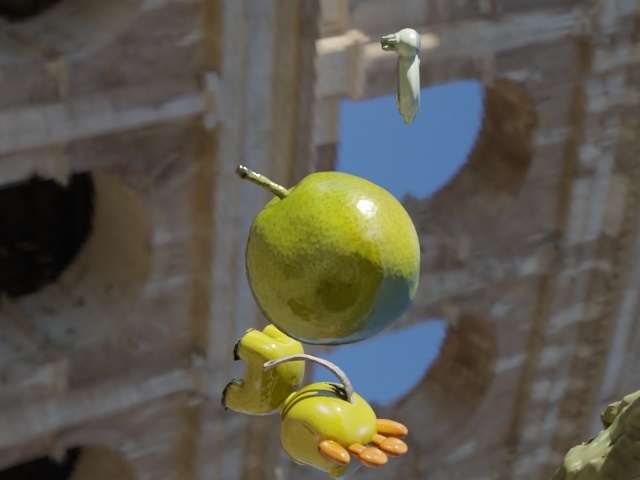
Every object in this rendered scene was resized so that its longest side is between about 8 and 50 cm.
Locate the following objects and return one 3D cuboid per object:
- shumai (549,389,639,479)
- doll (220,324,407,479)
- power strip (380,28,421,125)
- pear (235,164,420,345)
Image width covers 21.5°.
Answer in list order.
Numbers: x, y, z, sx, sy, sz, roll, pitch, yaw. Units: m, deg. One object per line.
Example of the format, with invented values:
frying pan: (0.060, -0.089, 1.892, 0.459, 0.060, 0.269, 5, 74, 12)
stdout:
shumai: (0.288, 0.174, 1.165, 0.323, 0.324, 0.397, -28, -126, 25)
doll: (-0.002, 0.194, 1.917, 0.221, 0.143, 0.135, 30, -68, 28)
power strip: (0.070, -0.142, 1.458, 0.055, 0.035, 0.083, -93, -179, -64)
pear: (0.000, 0.000, 1.683, 0.180, 0.166, 0.216, -33, -87, 28)
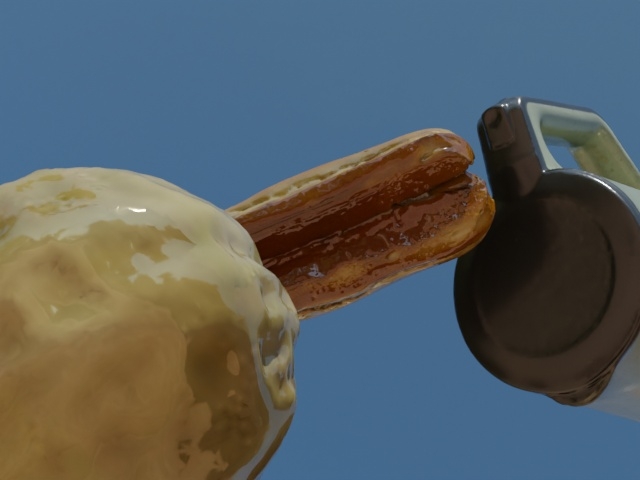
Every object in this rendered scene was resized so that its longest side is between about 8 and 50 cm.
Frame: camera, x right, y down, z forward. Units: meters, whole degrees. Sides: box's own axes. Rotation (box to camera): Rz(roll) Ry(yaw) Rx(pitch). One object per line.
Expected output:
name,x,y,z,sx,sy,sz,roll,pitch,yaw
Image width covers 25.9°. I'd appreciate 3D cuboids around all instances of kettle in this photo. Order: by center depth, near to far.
kettle,0.318,0.019,1.478,0.250,0.361,0.376,-24,-25,34

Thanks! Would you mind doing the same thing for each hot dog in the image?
hot dog,0.000,0.000,1.344,0.337,0.100,0.135,-23,-87,2

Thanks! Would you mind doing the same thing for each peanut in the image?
peanut,-0.135,0.095,0.447,0.305,0.147,0.147,-42,-76,11
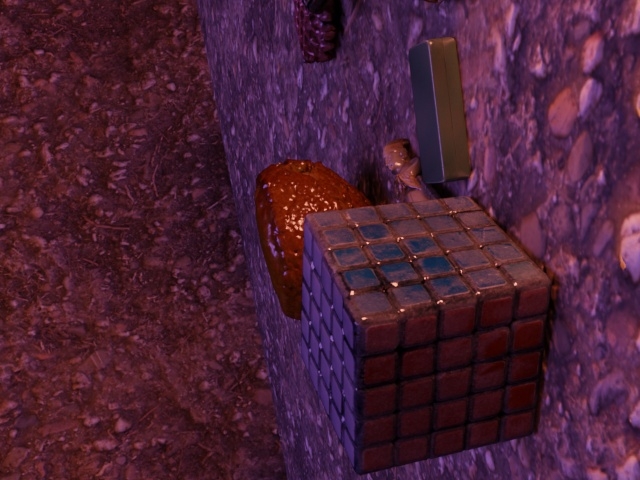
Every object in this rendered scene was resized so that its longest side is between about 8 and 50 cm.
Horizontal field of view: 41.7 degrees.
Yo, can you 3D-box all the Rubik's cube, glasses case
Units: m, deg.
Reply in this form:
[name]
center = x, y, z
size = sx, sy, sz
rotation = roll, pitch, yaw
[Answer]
[Rubik's cube]
center = 0.115, 0.102, 1.025
size = 0.237, 0.237, 0.238
rotation = -118, 24, -56
[glasses case]
center = 0.155, -0.168, 1.104
size = 0.078, 0.039, 0.184
rotation = -170, 72, -75

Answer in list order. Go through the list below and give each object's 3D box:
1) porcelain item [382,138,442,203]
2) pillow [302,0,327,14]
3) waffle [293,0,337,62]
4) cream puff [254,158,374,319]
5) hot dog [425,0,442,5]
[porcelain item]
center = 0.135, -0.077, 1.213
size = 0.213, 0.054, 0.084
rotation = -112, 21, -47
[pillow]
center = -0.026, -0.538, 1.407
size = 0.161, 0.093, 0.335
rotation = 46, -145, -81
[waffle]
center = -0.015, -0.445, 1.585
size = 0.234, 0.055, 0.221
rotation = -171, 73, -75
[cream puff]
center = 0.000, 0.000, 1.484
size = 0.303, 0.212, 0.303
rotation = 167, 90, -84
[hot dog]
center = 0.127, -0.366, 1.073
size = 0.191, 0.059, 0.108
rotation = -117, 28, -58
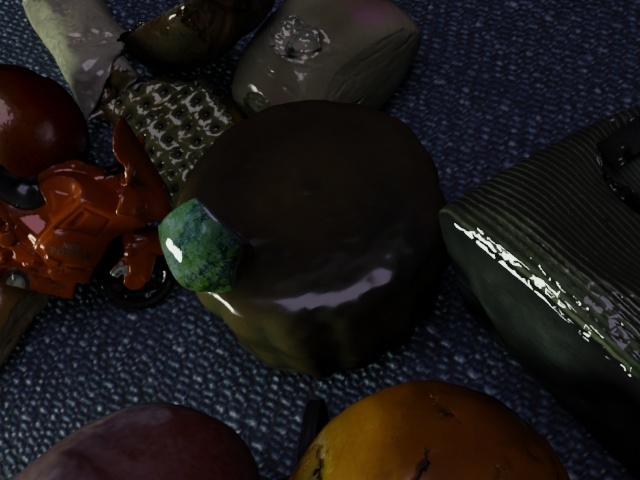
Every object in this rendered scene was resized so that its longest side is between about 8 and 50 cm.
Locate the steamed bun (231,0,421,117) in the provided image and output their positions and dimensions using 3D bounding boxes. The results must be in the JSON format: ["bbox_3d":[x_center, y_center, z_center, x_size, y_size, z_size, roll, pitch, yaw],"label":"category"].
[{"bbox_3d":[0.008,-0.235,1.038,0.170,0.153,0.239,37,73,23],"label":"steamed bun"}]

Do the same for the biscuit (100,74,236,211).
[{"bbox_3d":[-0.164,-0.120,1.037,0.144,0.016,0.203,-33,83,4],"label":"biscuit"}]

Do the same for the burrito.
[{"bbox_3d":[-0.365,-0.325,1.243,0.117,0.076,0.392,-27,58,-11],"label":"burrito"}]

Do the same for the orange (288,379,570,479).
[{"bbox_3d":[0.084,0.235,0.676,0.246,0.246,0.246,-7,58,10],"label":"orange"}]

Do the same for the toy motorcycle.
[{"bbox_3d":[-0.305,-0.047,0.929,0.325,0.221,0.148,14,19,-12],"label":"toy motorcycle"}]

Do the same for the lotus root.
[{"bbox_3d":[-0.161,-0.253,1.062,0.167,0.078,0.329,-22,10,-22],"label":"lotus root"}]

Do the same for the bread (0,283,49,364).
[{"bbox_3d":[-0.397,0.078,0.995,0.106,0.082,0.125,18,63,29],"label":"bread"}]

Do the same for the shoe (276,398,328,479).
[{"bbox_3d":[-0.026,0.239,0.810,0.049,0.071,0.179,-3,52,13],"label":"shoe"}]

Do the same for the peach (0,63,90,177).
[{"bbox_3d":[-0.383,-0.123,1.064,0.197,0.197,0.197,-7,58,10],"label":"peach"}]

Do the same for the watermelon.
[{"bbox_3d":[-0.109,-0.001,0.784,0.084,0.092,0.072,-3,25,7],"label":"watermelon"}]

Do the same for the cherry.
[{"bbox_3d":[-0.163,0.272,0.740,0.261,0.221,0.307,16,46,20],"label":"cherry"}]

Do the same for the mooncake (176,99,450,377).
[{"bbox_3d":[0.000,0.000,0.895,0.290,0.161,0.291,-6,57,9],"label":"mooncake"}]

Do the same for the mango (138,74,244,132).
[{"bbox_3d":[-0.166,-0.158,1.087,0.161,0.076,0.103,22,65,19],"label":"mango"}]

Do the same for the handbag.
[{"bbox_3d":[0.291,0.046,0.739,0.240,0.247,0.340,-37,51,-11],"label":"handbag"}]
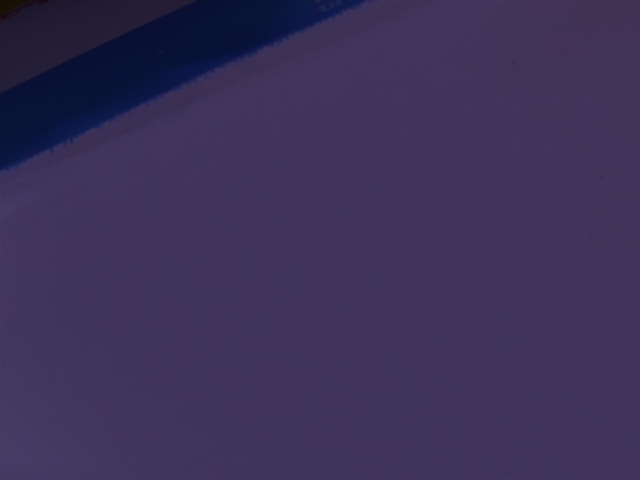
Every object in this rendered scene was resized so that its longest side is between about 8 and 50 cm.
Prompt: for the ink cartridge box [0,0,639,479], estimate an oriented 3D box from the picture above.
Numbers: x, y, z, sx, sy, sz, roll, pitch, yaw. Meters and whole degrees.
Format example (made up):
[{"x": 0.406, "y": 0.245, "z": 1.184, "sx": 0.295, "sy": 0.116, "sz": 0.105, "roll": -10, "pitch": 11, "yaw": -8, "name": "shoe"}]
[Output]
[{"x": 0.000, "y": 0.000, "z": 0.558, "sx": 0.270, "sy": 0.197, "sz": 0.198, "roll": -111, "pitch": -4, "yaw": -67, "name": "ink cartridge box"}]
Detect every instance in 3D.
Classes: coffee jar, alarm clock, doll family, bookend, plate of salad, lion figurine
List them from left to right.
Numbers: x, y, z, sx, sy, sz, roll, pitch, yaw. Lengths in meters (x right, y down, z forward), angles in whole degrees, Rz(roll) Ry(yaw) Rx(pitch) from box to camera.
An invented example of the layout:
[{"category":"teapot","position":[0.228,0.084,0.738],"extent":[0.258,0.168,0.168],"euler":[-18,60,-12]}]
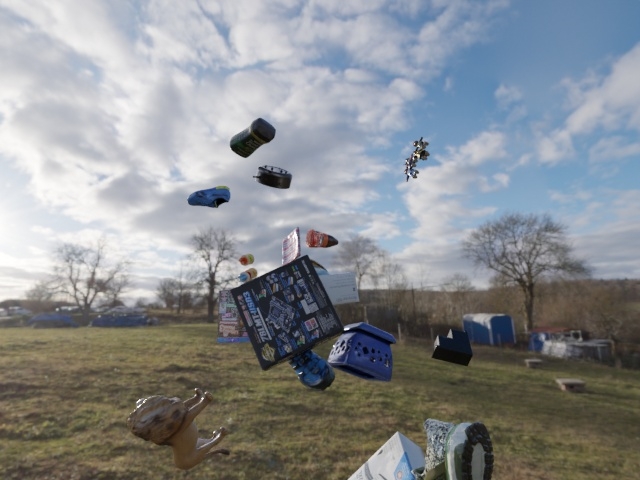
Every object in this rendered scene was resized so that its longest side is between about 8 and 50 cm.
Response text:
[{"category":"lion figurine","position":[-0.453,0.650,1.337],"extent":[0.142,0.391,0.240],"euler":[1,27,44]},{"category":"coffee jar","position":[-0.258,-0.390,1.535],"extent":[0.185,0.078,0.096],"euler":[-22,-37,40]},{"category":"alarm clock","position":[-0.164,-0.237,1.479],"extent":[0.130,0.064,0.192],"euler":[18,15,7]},{"category":"plate of salad","position":[-0.031,0.171,2.148],"extent":[0.200,0.048,0.199],"euler":[27,-31,18]},{"category":"doll family","position":[0.408,-0.348,1.741],"extent":[0.076,0.192,0.111],"euler":[29,9,-22]},{"category":"bookend","position":[0.568,0.455,1.768],"extent":[0.158,0.072,0.156],"euler":[12,30,3]}]

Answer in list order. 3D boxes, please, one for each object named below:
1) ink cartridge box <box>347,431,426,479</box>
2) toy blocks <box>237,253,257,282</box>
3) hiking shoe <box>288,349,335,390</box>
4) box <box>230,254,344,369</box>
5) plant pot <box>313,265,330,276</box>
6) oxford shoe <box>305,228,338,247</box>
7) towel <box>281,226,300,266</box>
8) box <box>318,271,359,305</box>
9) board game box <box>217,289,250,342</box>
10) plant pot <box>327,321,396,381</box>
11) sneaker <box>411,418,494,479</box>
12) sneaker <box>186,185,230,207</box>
[{"category":"ink cartridge box","position":[0.237,0.878,1.420],"extent":[0.129,0.307,0.223],"euler":[39,10,-12]},{"category":"toy blocks","position":[-0.348,0.129,1.852],"extent":[0.054,0.123,0.148],"euler":[-13,3,14]},{"category":"hiking shoe","position":[-0.075,0.407,1.396],"extent":[0.304,0.113,0.132],"euler":[26,-21,50]},{"category":"box","position":[-0.112,0.236,1.349],"extent":[0.294,0.295,0.073],"euler":[-26,-20,-5]},{"category":"plant pot","position":[-0.070,0.269,1.896],"extent":[0.294,0.292,0.235],"euler":[-5,-2,8]},{"category":"oxford shoe","position":[0.000,0.000,2.089],"extent":[0.099,0.096,0.271],"euler":[10,5,-25]},{"category":"towel","position":[-0.156,0.036,2.123],"extent":[0.029,0.196,0.144],"euler":[23,-46,-31]},{"category":"box","position":[0.021,0.195,1.539],"extent":[0.181,0.118,0.182],"euler":[-4,-10,-29]},{"category":"board game box","position":[-0.460,0.434,2.299],"extent":[0.141,0.290,0.232],"euler":[-6,-14,19]},{"category":"plant pot","position":[0.197,0.507,1.853],"extent":[0.236,0.211,0.236],"euler":[26,-24,-14]},{"category":"sneaker","position":[0.310,0.640,1.002],"extent":[0.158,0.409,0.182],"euler":[16,-11,-33]},{"category":"sneaker","position":[-0.493,-0.176,1.765],"extent":[0.210,0.082,0.069],"euler":[-12,-28,12]}]

☆ ☆ ☆ ☆

• **Exercise details**
Reproduce exactly the lines of the data above that run from the line with "Do the same for the mango (138,74,244,132)." down to the line with "List them from left to right.", both ends included. Pictures do not belong in the copy.

• **Output of the exercise**
Do the same for the mango (138,74,244,132).
[{"bbox_3d":[-0.166,-0.158,1.087,0.161,0.076,0.103,22,65,19],"label":"mango"}]

Do the same for the handbag.
[{"bbox_3d":[0.291,0.046,0.739,0.240,0.247,0.340,-37,51,-11],"label":"handbag"}]
Every object in this rendered scene was resized so that its longest side is between about 8 and 50 cm.
Prompt: for the ink cartridge box [0,0,639,479], estimate an oriented 3D box from the picture above.
Numbers: x, y, z, sx, sy, sz, roll, pitch, yaw. Meters and whole degrees.
Format example (made up):
[{"x": 0.406, "y": 0.245, "z": 1.184, "sx": 0.295, "sy": 0.116, "sz": 0.105, "roll": -10, "pitch": 11, "yaw": -8, "name": "shoe"}]
[Output]
[{"x": 0.000, "y": 0.000, "z": 0.558, "sx": 0.270, "sy": 0.197, "sz": 0.198, "roll": -111, "pitch": -4, "yaw": -67, "name": "ink cartridge box"}]
Detect every instance in 3D.
Classes: coffee jar, alarm clock, doll family, bookend, plate of salad, lion figurine
List them from left to right.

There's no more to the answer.